The in-built drama of all the great ménage a trios stories (best explored, of course, in French classics such as Jules et Jim and my all-time favourite, La Maman et la Putain) is that the balance is never going to be even: someone's always going to be the pickle in the Manhattan sandwich. Morrison takes this one step further, focusing on the psychological dangers inherent in trying to sustain a fantasy. And alongside his exploration of sex, he also looks at how fame can be equally divisive, particularly among creative types. The link between art and madness is a tired theme, but Morrison makes it fresh by rooting his story in such a richly realised vision of the early nineties.

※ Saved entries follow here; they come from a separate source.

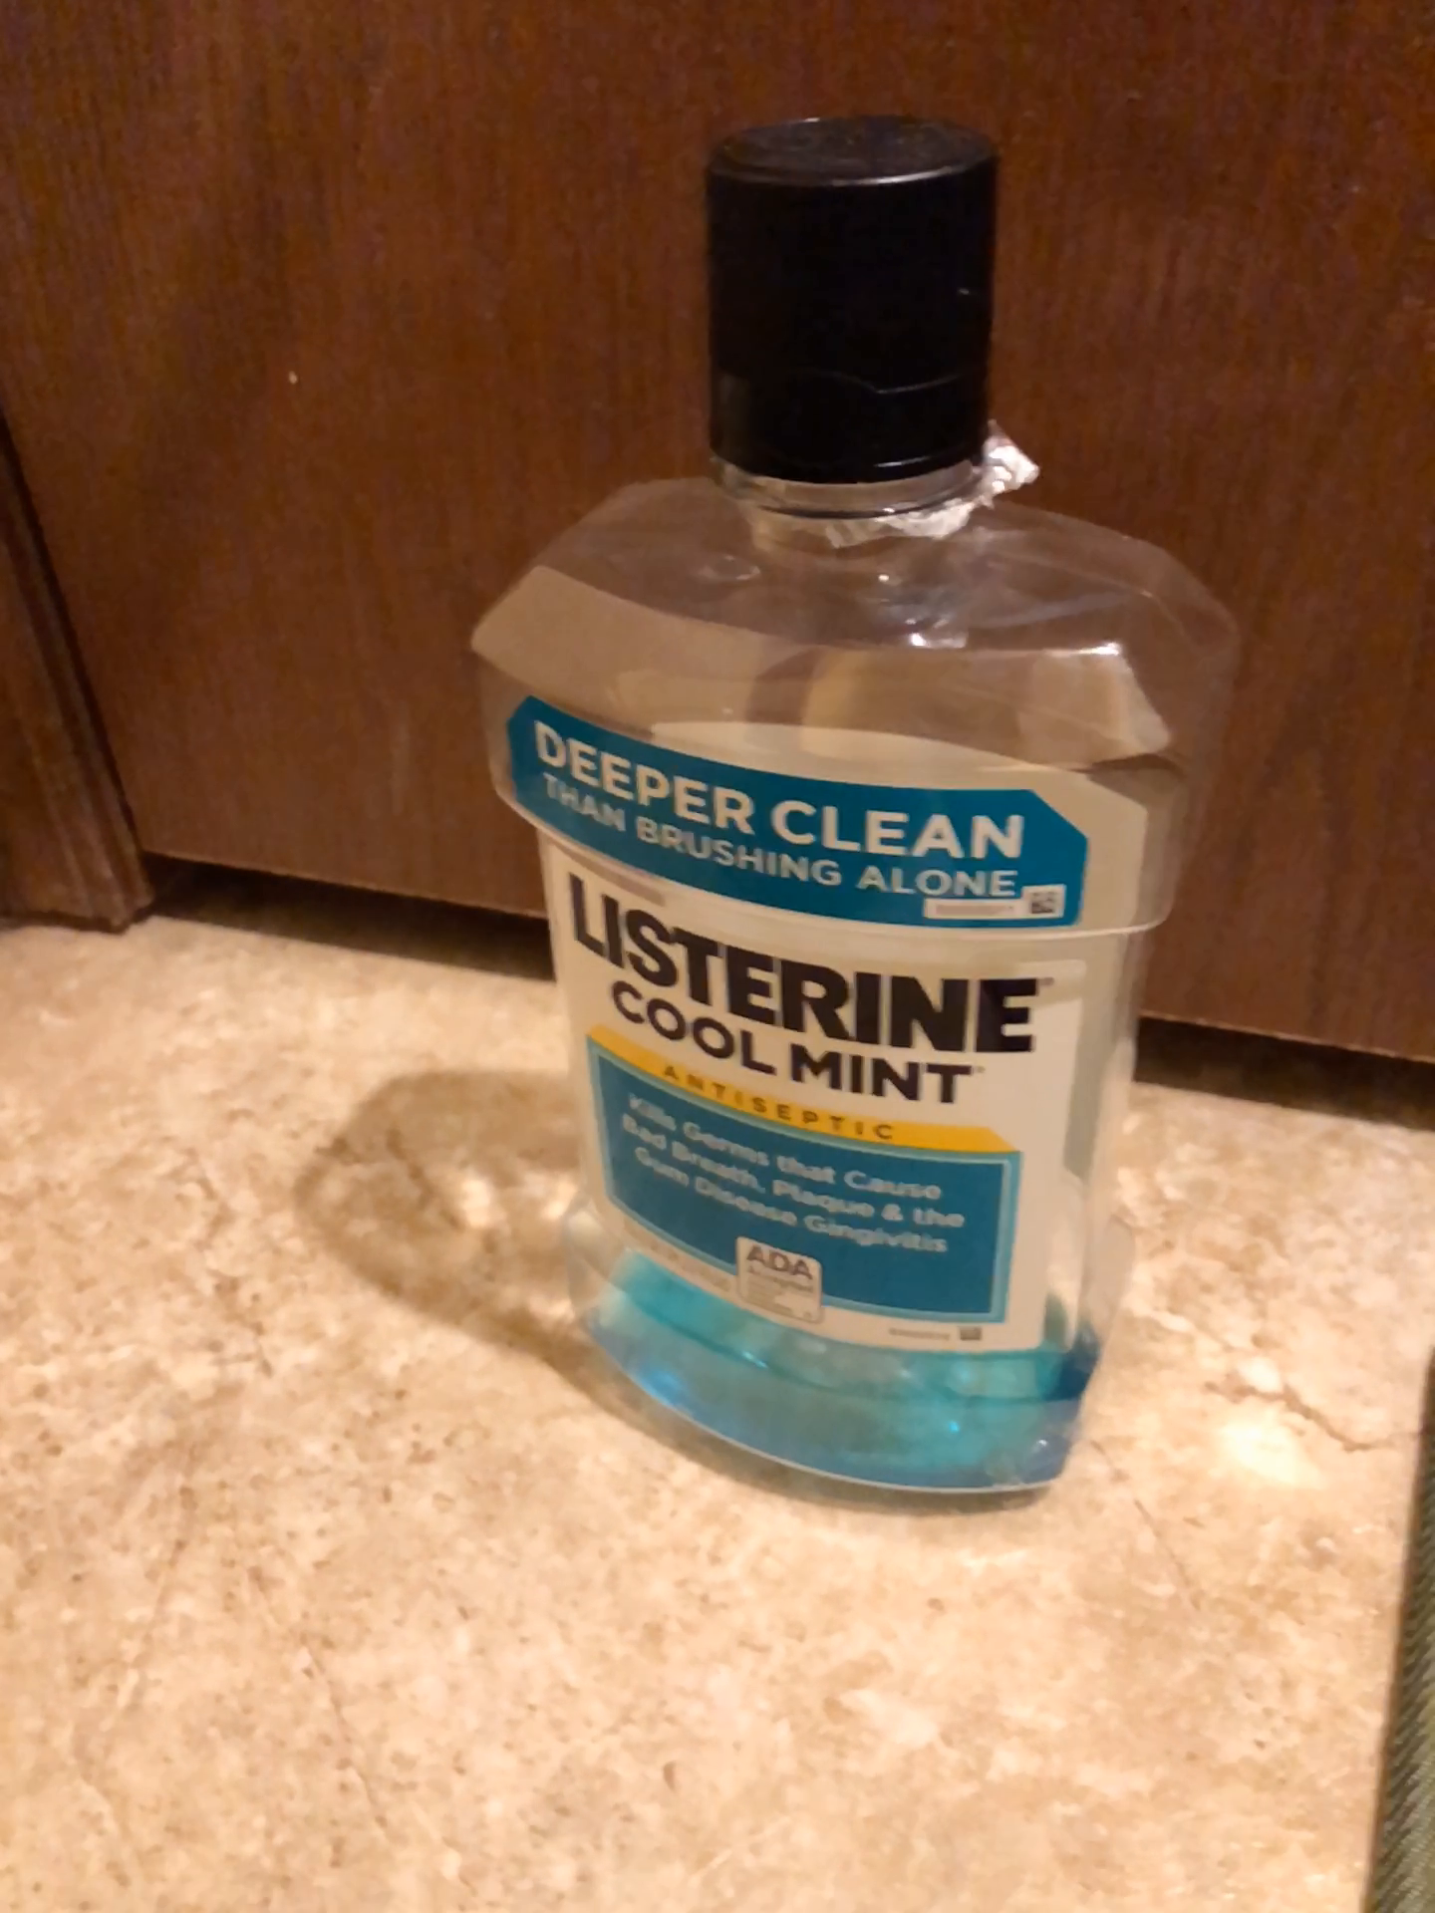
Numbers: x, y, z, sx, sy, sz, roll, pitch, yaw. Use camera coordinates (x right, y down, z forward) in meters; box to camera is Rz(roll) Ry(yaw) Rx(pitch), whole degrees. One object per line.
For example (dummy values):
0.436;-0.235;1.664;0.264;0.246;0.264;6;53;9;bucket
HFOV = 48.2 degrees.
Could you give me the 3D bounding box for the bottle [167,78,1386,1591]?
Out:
0.016;-0.014;0.271;0.130;0.219;0.090;14;41;20;bottle
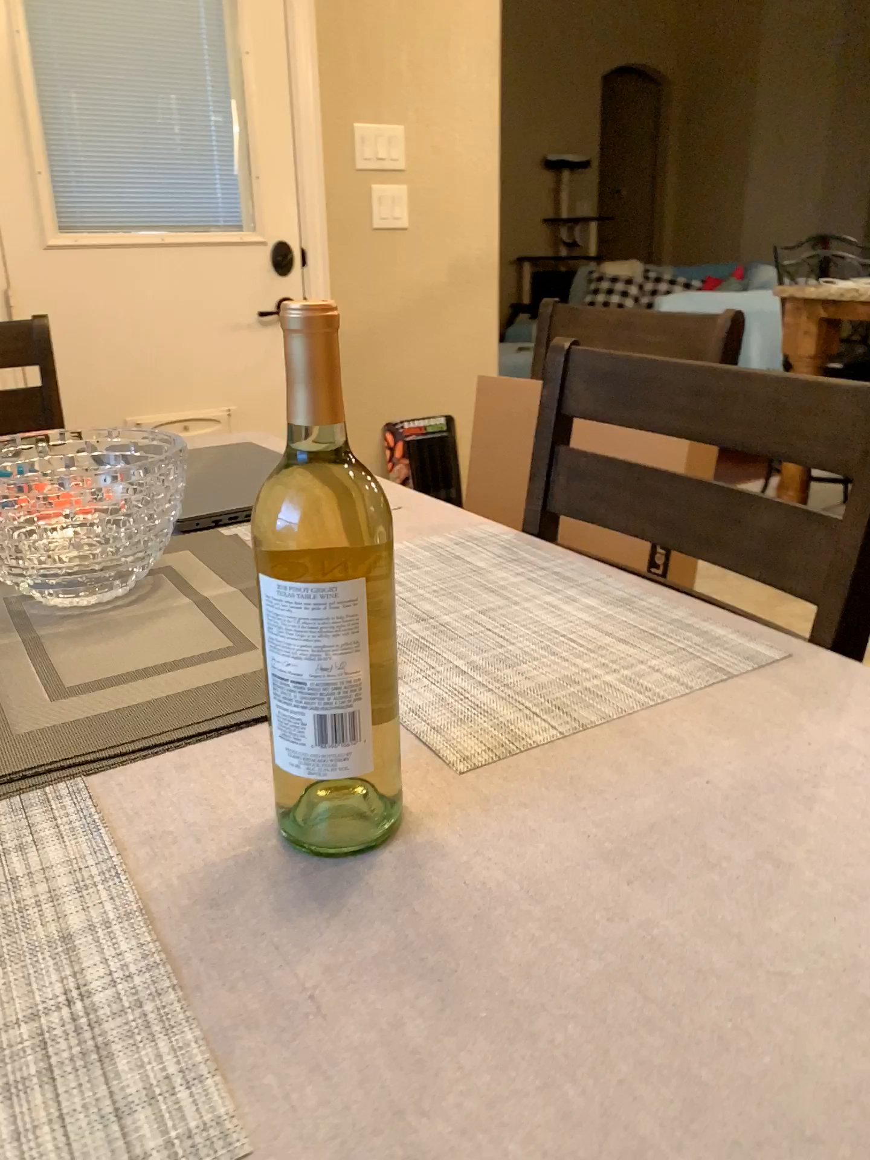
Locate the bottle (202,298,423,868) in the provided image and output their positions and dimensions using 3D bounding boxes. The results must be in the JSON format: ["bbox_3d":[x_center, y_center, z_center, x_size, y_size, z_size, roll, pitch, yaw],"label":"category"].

"There is nothing less sexy than sex," maintains Saul, the most controlling of the three characters. Saul is described by Morrison as "a failed artist [who] manipulated two youngsters into acting out his debased fantasies as revenge against the world that had rejected him" and although this novel is just as chock-a-block with smut as his first two, the non-sexiness of sex is Morrison's real theme.

For all his characters love of porn, dildos and cross-dressing, the actual intercourse, in this book and his others, always turns out to be a (deliberate) disappointment. It is a mark of Morrison's considerable talent that his exploration of why this is remains fascinating, and that watching his characters' fantasies (and sanity) crumble is just as interesting third time round as it's ever been before.